Apakah Anda masih mengingat saat-saat itu?
“Apalagi kalau mengingat Love Songs yang mengiringi masa perkenalan dulu. Sebuah lagu yang paling berkesan adalah Truly, Madly, Deeply dari Savage Garden. Setiap kali mendengarnya, langsung deg degan lagi. Seakan masa pacaran kembali hadir pada hari ini.” tambah Liana.
Padahal itu sudah bertahun-tahun yang lalu, tepatnya 9 tahun sudah kami mengarungi hidup berdua.
Sungguh indah masa pacaran. Kalau jalan masih gandengan tangan; kalau makan, masih liat-liatan; kalau bertemu, senangnya bukan main; kalau pisah, aduh rasanya seperti kehabisan darah. Anemia kali? Pepatah mengatakan Jauh di mata dekat di hati. Namun, seiring berjalannya waktu, keindahan itu mulai terpupus, ternodai oleh kekesalan, kemarahan dan kehambaran.
Dulu kekasih adalah, ”My Hero!” karena rela berkorban habis-habisan. Antar jemput kuliah, traktir makan, bantuin buat tugas, temenin belanja. Pokoke setia buanget! Minta apa juga dikasih. (Yang bicara ini sepertinya pihak wanita deh).
Sekarang, “No mine!” Bukan saya punya! Boro-boro sambil makan bisa lihat-lihatan, makan bersama saja hampir tidak pernah. Jangankan minta ditemani pergi, minta waktu berbasa-basi ngomongin hal-hal enteng saja susah. “Egois Pisan!,” kata orang Bandung. “Padahal kalau sudah berkeluarga harusnya pikirin keluarga dong, jangan cuma pikirin diri sendiri aje.”
Apa yang Firman Tuhan katakan tentang si egois ini? Sebab di mana ada iri hati dan mementingkan diri sendiri di situ ada kekacauan dan segala macam perbuatan jahat.
Ternyata biang pengacau dan rupa-rupa perbuatan jahat bernama Mr./Mrs. Egois. Karena itu, kalau suami isteri atau bahkan dua-duanya kompak egois, pasti rumah tangga amburadul. Kalah jadi abu, menangpun jadi arang.
Suami pergi makan ke Restoran Sedap, isteri malah berpikir, “Enak aja ya makan sendiri, nggak ngajak-ngajak, sebel!” Isteri kemudian mulai memikirkan kejahatan-kejahatan yang akan dipersembahkan bagi sang suami. Wah, mengerikan sekali seperti living with the enemy. Pasti Anda tidak mau hal ini terjadi dalam keluarga, bukan?

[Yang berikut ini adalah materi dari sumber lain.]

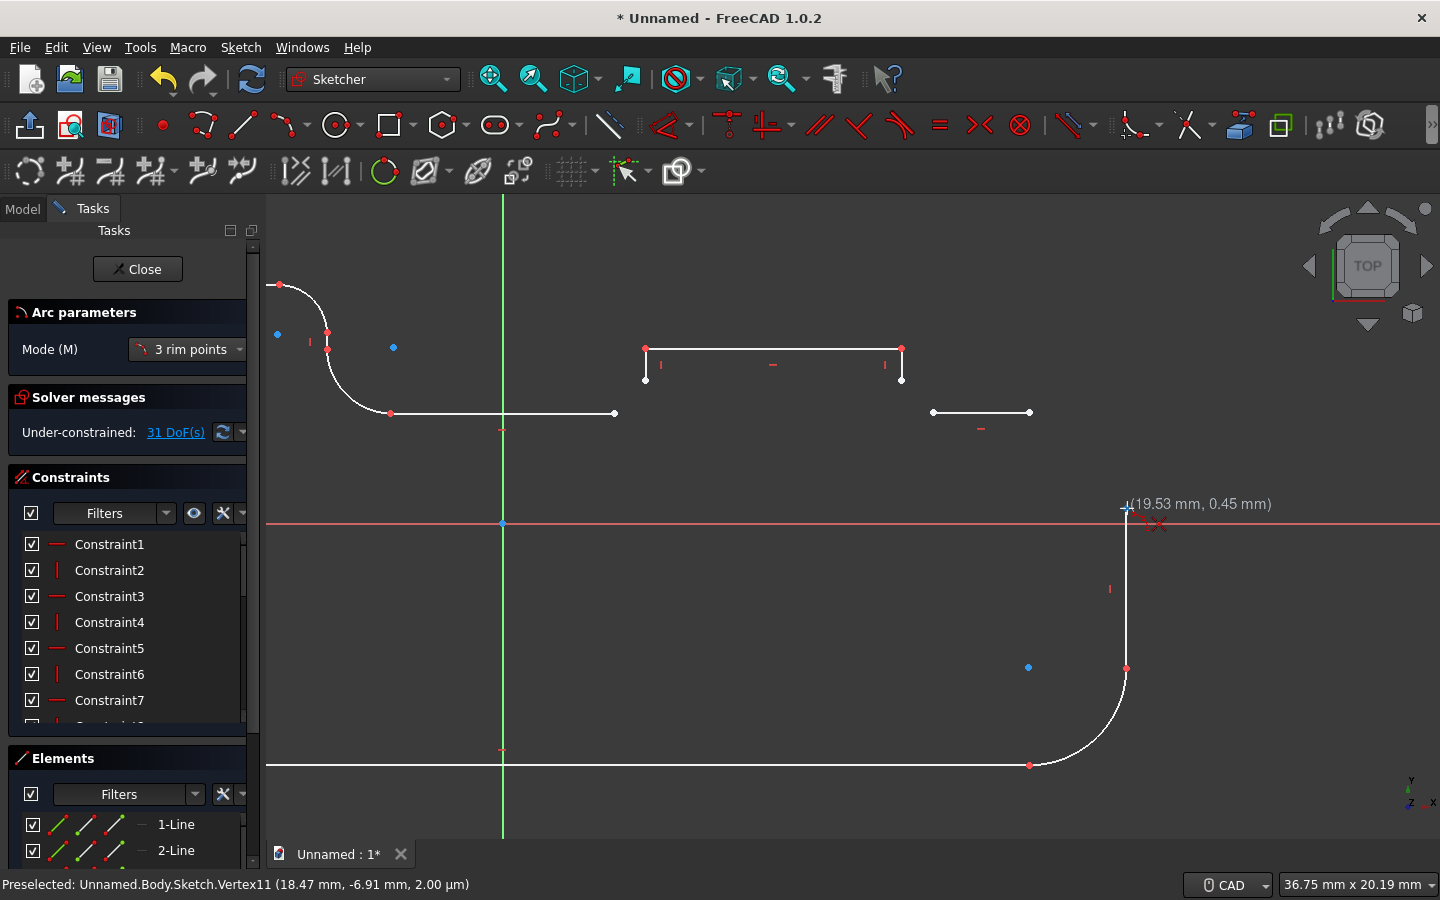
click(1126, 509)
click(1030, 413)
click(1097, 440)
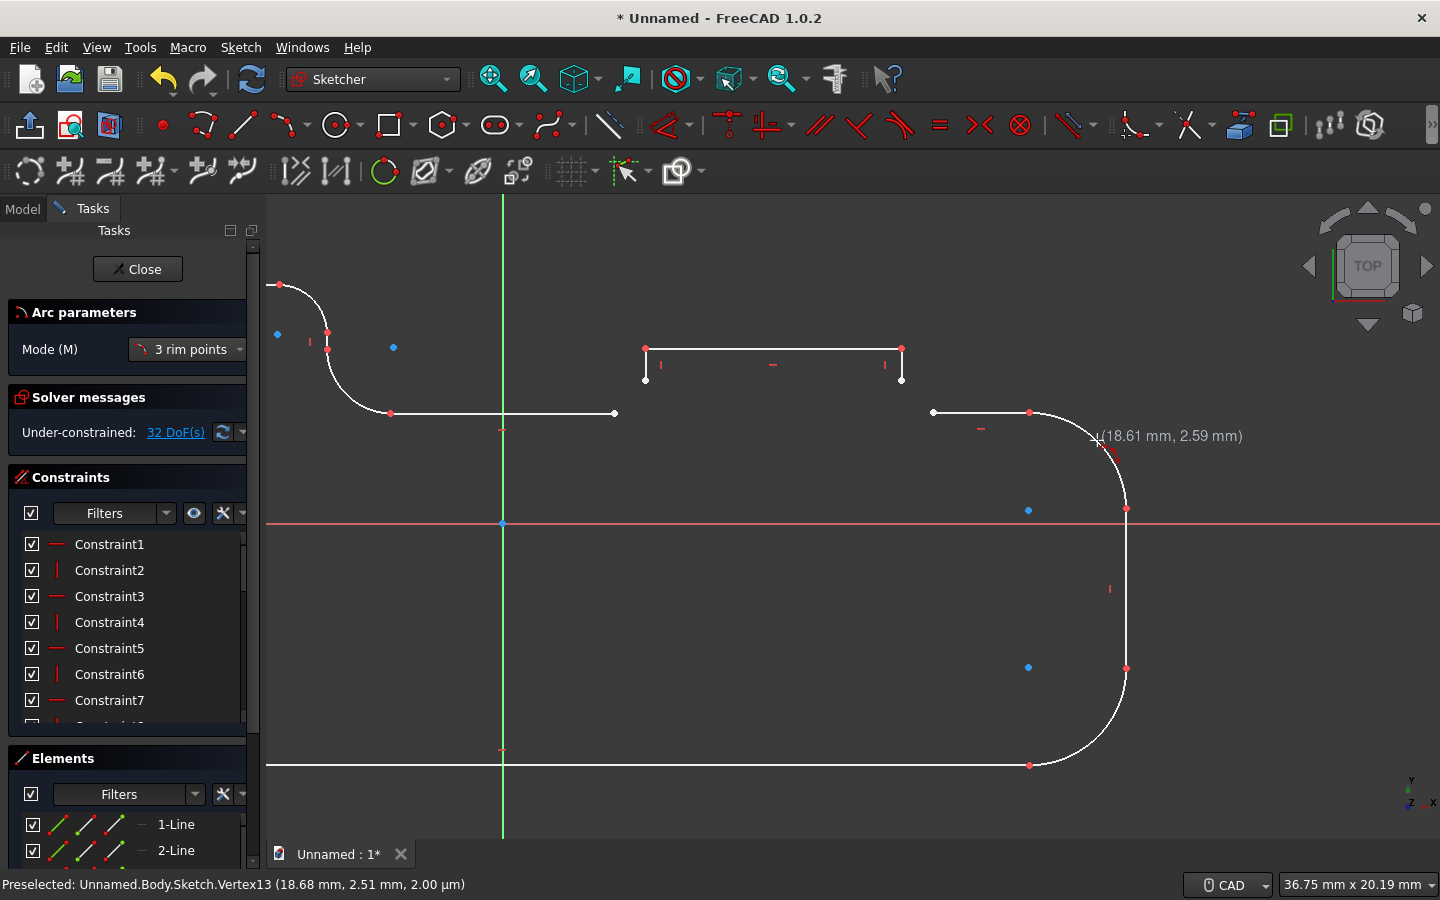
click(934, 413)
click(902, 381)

- Mengalahkan Mr/Mrs. Egois
Mengasihi Pasangan
Firman Tuhan membuka rahasia guna mengalahkan Mr./Mrs. Egois
Aku memberikan perintah baru kepada kamu, yaitu supaya kamu saling mengasihi; sama seperti Aku telah mengasihi kamu demikian pula kamu harus saling mengasihi.
Mengalahkan egoisme, tiada cara lain selain menggeluti kasih seumur hidup. Kita harus gencar belajar mengasihi, khususnya, mengasihi pasangan.
Aneh. Ada, orang lebih mengasihi binatang peliharaannya lebih dari sesamanya manusia. Anjing didandani di Salon Nomor 1, dengan penata bulu yang paling hebat. Ulang tahunnya juga dirayakan. Tapi terhadap pasangan sering pelit minta ampun.
Apa arti kasih? Ada yang bilang, bicara kasih, sepertinya abstrak sekali dan tidak konkrit. Karena itu mari kita konkritkan bersama.
Rasul Paulus memaparkan kasih dengan sangat indah dan utuh.
Sekalipun aku dapat berkata-kata dengan semua bahasa manusia dan bahasa malaikat, tetapi jika aku tidak mempunyai kasih, aku sama dengan gong yang berkumandang dan canang yang gemerincing.
Sekalipun aku mempunyai karunia untuk bernubuat dan aku mengetahui segala rahasia dan memiliki seluruh pengetahuan; dan sekalipun aku memiliki iman yang sempurna untuk memindahkan gunung, tetapi jika aku tidak mempunyai kasih, aku sama sekali tidak berguna.
Dan sekalipun aku membagi-bagikan segala sesuatu yang ada padaku, bahkan menyerahkan tubuhku untuk dibakar, tetapi jika aku tidak mempunyai kasih, sedikitpun tidak ada faedahnya bagiku.
Ciri-ciri kasih:
- Kasih itu sabar;
- Kasih itu murah hati;
- Ia tidak cemburu.
- Ia tidak memegahkan diri dan tidak sombong.
- Ia tidak melakukan yang tidak sopan dan tidak mencari keuntungan diri sendiri.
- Ia tidak pemarah dan tidak menyimpan kesalahan orang lain.
- Ia tidak bersukacita karena ketidakadilan, tetapi karena kebenaran.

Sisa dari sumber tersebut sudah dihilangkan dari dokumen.